Excerpts from a dataset:
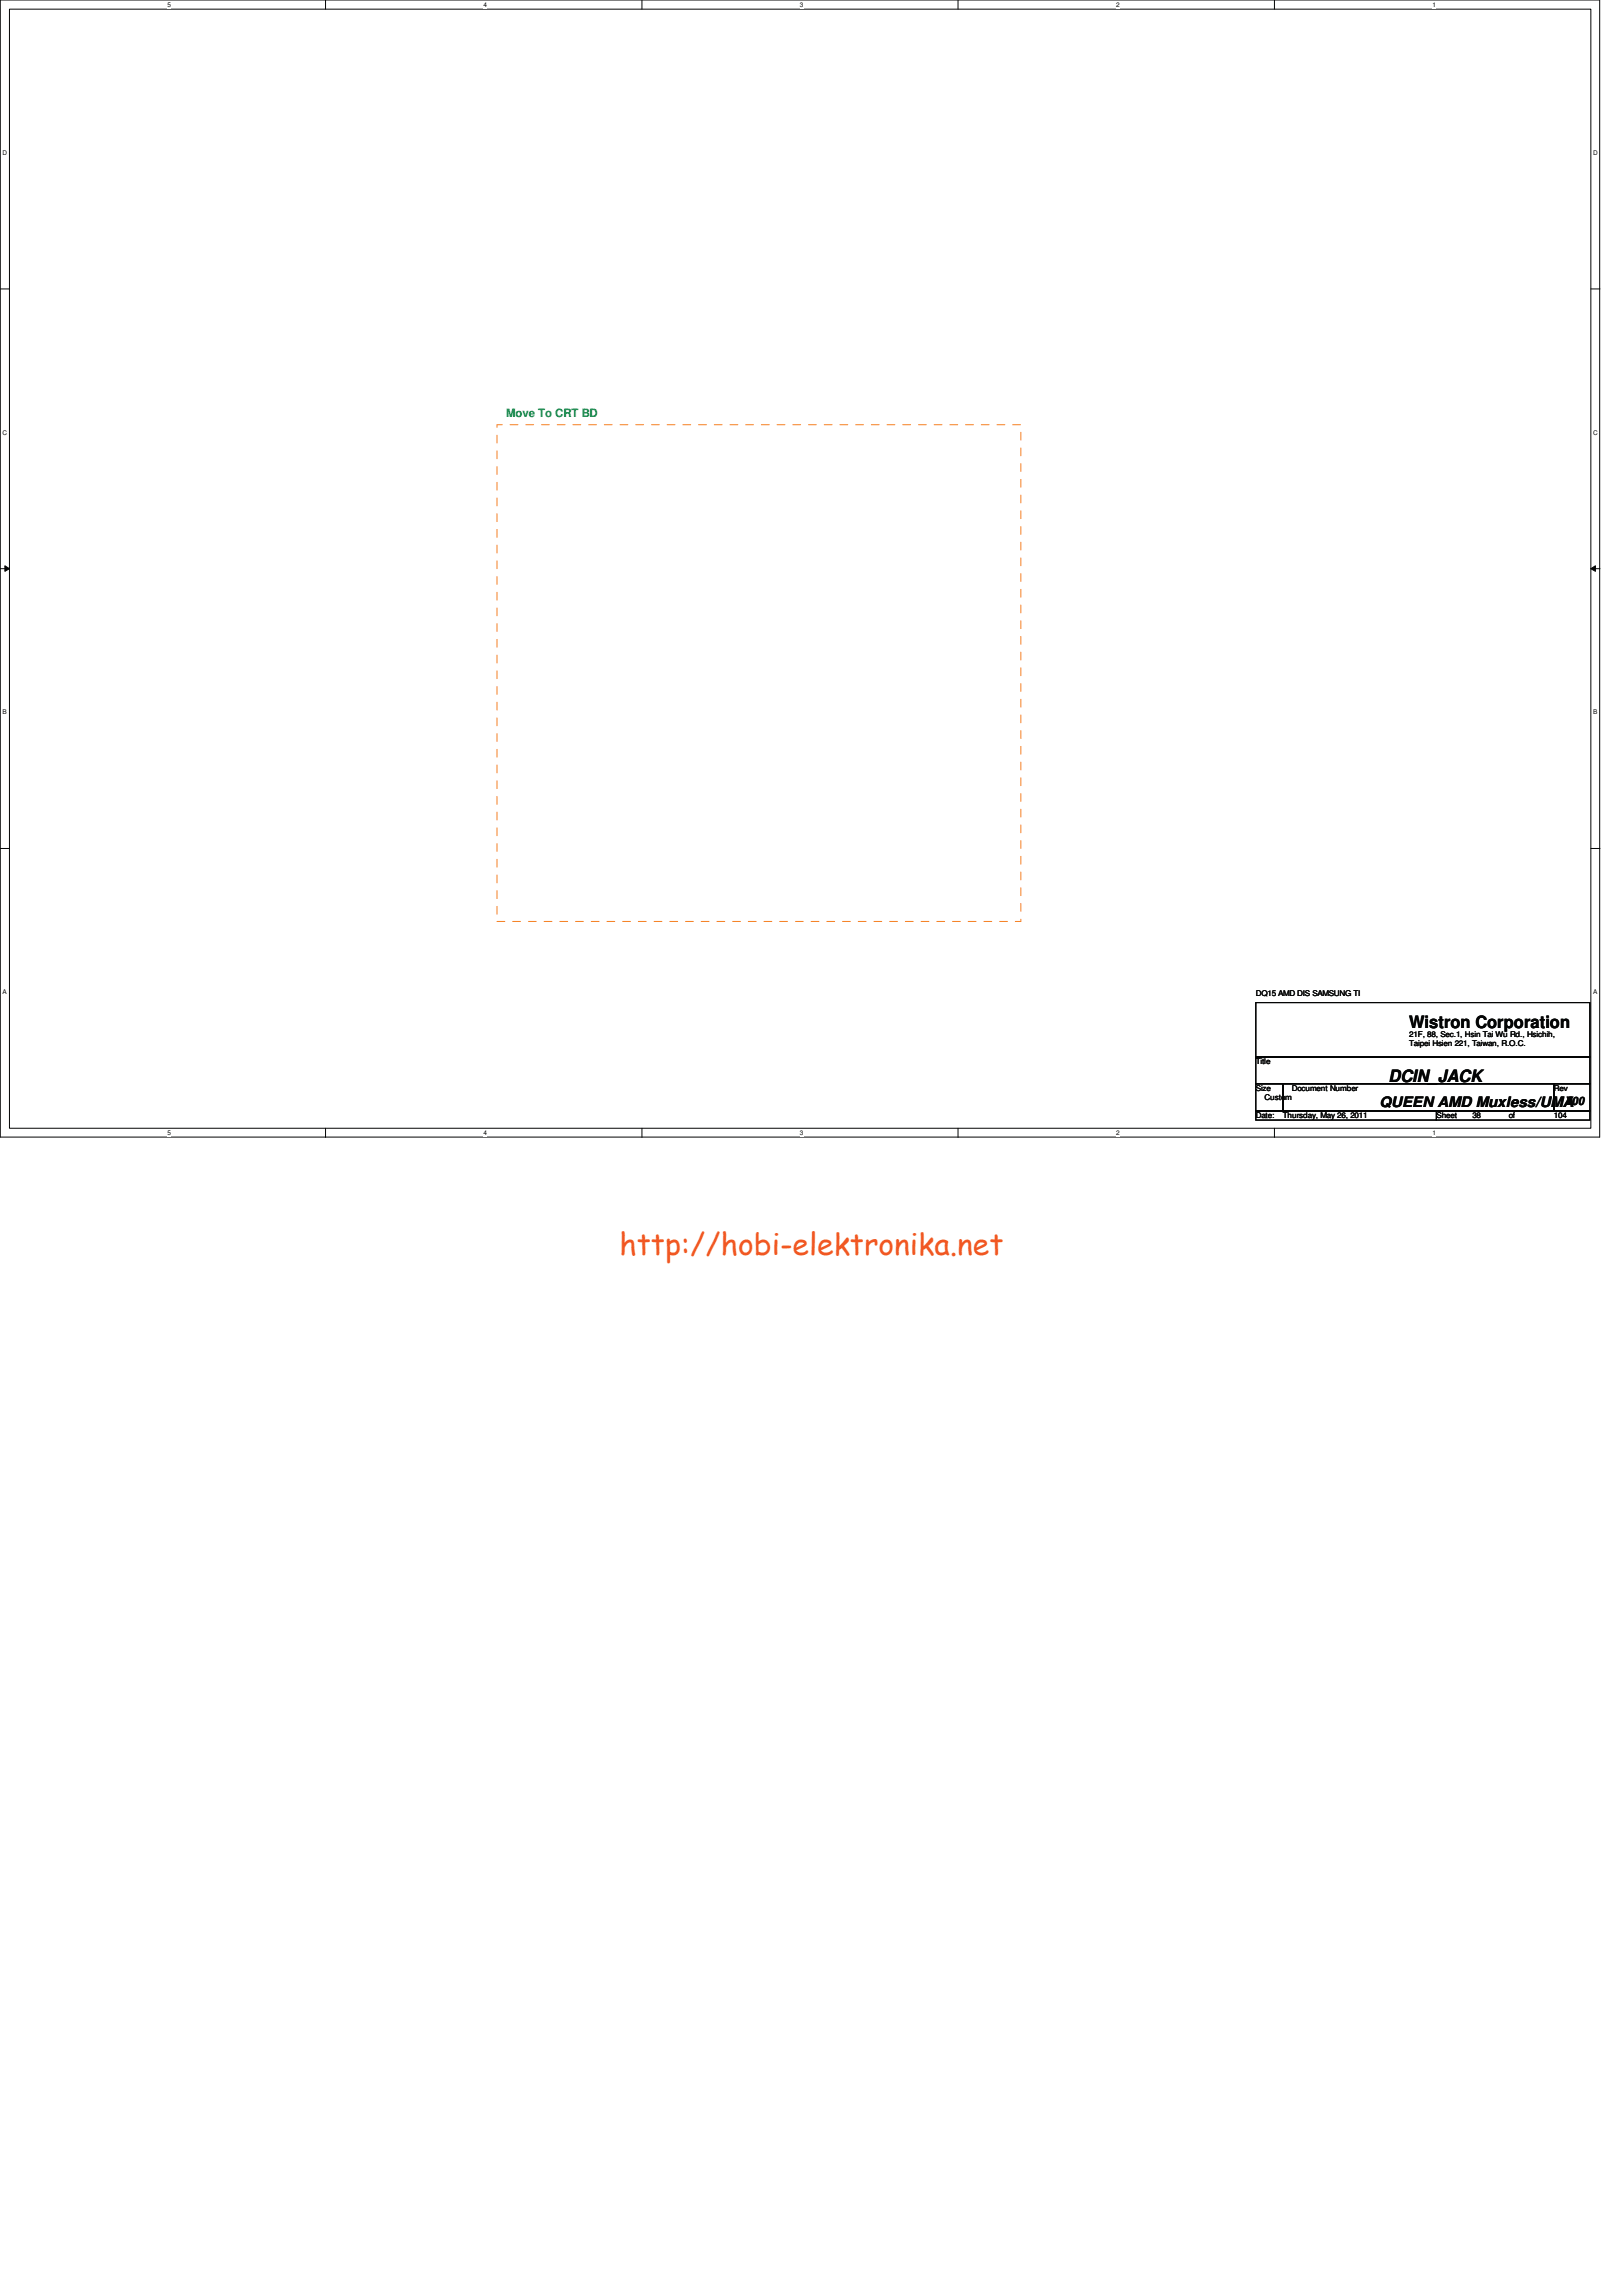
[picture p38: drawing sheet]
<svg xmlns="http://www.w3.org/2000/svg" width="210mm" height="297mm" viewBox="0 0 210 297" stroke-linecap="round" stroke-linejoin="round" font-family="sans-serif">
<defs><g id="words">
<text font-size="3.9" fill="#f15722" x="80.1" y="162.4">http://hobi-elektronika.net</text>
<g font-size="2.2" fill="#040505">
<text x="182.3" y="133">Wistron Corporation</text>
<text x="179.7" y="140">DCIN_JACK</text>
</g>
<text font-size="1.9" fill="#040505" x="178.5" y="143.2">QUEEN AMD Muxless/UMA</text>
<text font-size="1.5" fill="#0a8141" x="65.5" y="53.9">Move To CRT BD</text>
<text font-size="1.5" fill="#040505" x="202.4" y="143">X00</text>
<g font-size="1" fill="#040505">
<text x="162.5" y="128.9">DQ15 AMD DIS SAMSUNG TI</text>
<text x="162.5" y="137.6">Title</text>
<text x="182.3" y="134.1">21F, 88, Sec.1, Hsin Tai Wu Rd., Hsichih,</text>
<text x="182.3" y="135.3">Taipei Hsien 221, Taiwan, R.O.C.</text>
<text x="162.5" y="141.1">Size</text>
<text x="163.6" y="142.3">Custom</text>
<text x="167.1" y="141.1">Document Number</text>
<text x="201" y="141.1">Rev</text>
<text x="162.5" y="144.6">Date:</text>
<text x="166" y="144.6">Thursday, May 26, 2011</text>
<text x="185.8" y="144.6">Sheet</text>
<text x="190.5" y="144.6">38</text>
<text x="195.2" y="144.6">of</text>
<text x="201" y="144.6">104</text>
</g>
<g font-size=".8" fill="#040505">
<text x="21.7" y=".9">5</text>
<text x="62.6" y=".9">4</text>
<text x="103.5" y=".9">3</text>
<text x="144.4" y=".9">2</text>
<text x="185.3" y=".9">1</text>
<text x=".3" y="20">D</text>
<text x="206.1" y="20">D</text>
<text x=".3" y="56.2">C</text>
<text x="206.1" y="56.2">C</text>
<text x=".3" y="92.4">B</text>
<text x="206.1" y="92.4">B</text>
<text x=".3" y="128.6">A</text>
<text x="206.1" y="128.6">A</text>
<text x="21.7" y="146.9">5</text>
<text x="62.6" y="146.9">4</text>
<text x="103.5" y="146.9">3</text>
<text x="144.4" y="146.9">2</text>
<text x="185.3" y="146.9">1</text>
</g>
</g></defs>
<path d="M0 0h207v147.1h-207zM1.2 1.2h204.6v144.8h-204.6z" fill="none" stroke="#040505" stroke-width=".13"/>
<g fill="#fff">
<path d="M21.7 .1h.4v1h-.4z"/>
<path d="M21.7 146.1h.4v.9h-.4z"/>
</g>
<path d="M42.1 0v1.2M42.1 146v1.2" fill="none" stroke="#040505" stroke-width=".13"/>
<g fill="#fff">
<path d="M62.6 .1h.4v1h-.4z"/>
<path d="M62.6 146.1h.4v.9h-.4z"/>
</g>
<path d="M83.1 0v1.2M83.1 146v1.2" fill="none" stroke="#040505" stroke-width=".13"/>
<g fill="#fff">
<path d="M103.5 .1h.5v1h-.5z"/>
<path d="M103.5 146.1h.5v.9h-.5z"/>
</g>
<path d="M123.9 0v1.2M123.9 146v1.2" fill="none" stroke="#040505" stroke-width=".13"/>
<g fill="#fff">
<path d="M144.4 .1h.5v1h-.5z"/>
<path d="M144.4 146.1h.5v.9h-.5z"/>
</g>
<path d="M164.9 0v1.2M164.9 146v1.2" fill="none" stroke="#040505" stroke-width=".13"/>
<g fill="#fff">
<path d="M185.3 .1h.5v1h-.5z"/>
<path d="M185.3 146.1h.5v.9h-.5z"/>
<path d="M.3 19.3h.6v.9h-.6z"/>
<path d="M206.1 19.3h.6v.9h-.6z"/>
<path d="M.3 55.5h.6v.9h-.6z"/>
<path d="M206.1 55.5h.6v.9h-.6z"/>
</g>
<path d="M0 37.4h1.2M205.8 37.4h1.2" fill="none" stroke="#040505" stroke-width=".13"/>
<g fill="#fff">
<path d="M.3 91.7h.6v.9h-.6z"/>
<path d="M206.1 91.7h.6v.9h-.6z"/>
</g>
<path d="M0 73.6h1.2M205.8 73.6h1.2" fill="none" stroke="#040505" stroke-width=".13"/>
<path d="M.6 73.2l.6 .4-.6 .3z" fill="#040505"/>
<path d="M.6 73.2l.6 .4-.6 .3z" fill="none" stroke="#040505" stroke-width=".13"/>
<path d="M205.8 73.6l.6-.4v.7z" fill="#040505"/>
<path d="M205.8 73.6l.6-.4v.7z" fill="none" stroke="#040505" stroke-width=".13"/>
<g fill="#fff">
<path d="M.3 127.8h.6v1h-.6z"/>
<path d="M206.1 127.8h.6v1h-.6z"/>
</g>
<path d="M0 109.8h1.2M205.8 109.8h1.2M162.5 129.7h43.2v7h-43.2zM162.5 136.7h43.2v3.5h-43.2zM162.5 140.2h3.5v3.5h-3.5zM162.5 143.7h23.3v1.2h-23.3zM166 140.2h35v3.5h-35zM185.8 143.7h19.9v1.2h-19.9zM201 140.2h4.7v3.5h-4.7z" fill="none" stroke="#040505" stroke-width=".13"/>
<path d="M64.3 54.9h67.8v64.3h-67.8z" fill="none" stroke="#f57f20" stroke-width=".13" stroke-dasharray="1 1 1 1 1 1 1 1"/>
<use href="#words"/>
</svg>

● **Task to carry out**: Say how many lines in the records hold the string "font", and say nothing else.

● **Task answer**: 8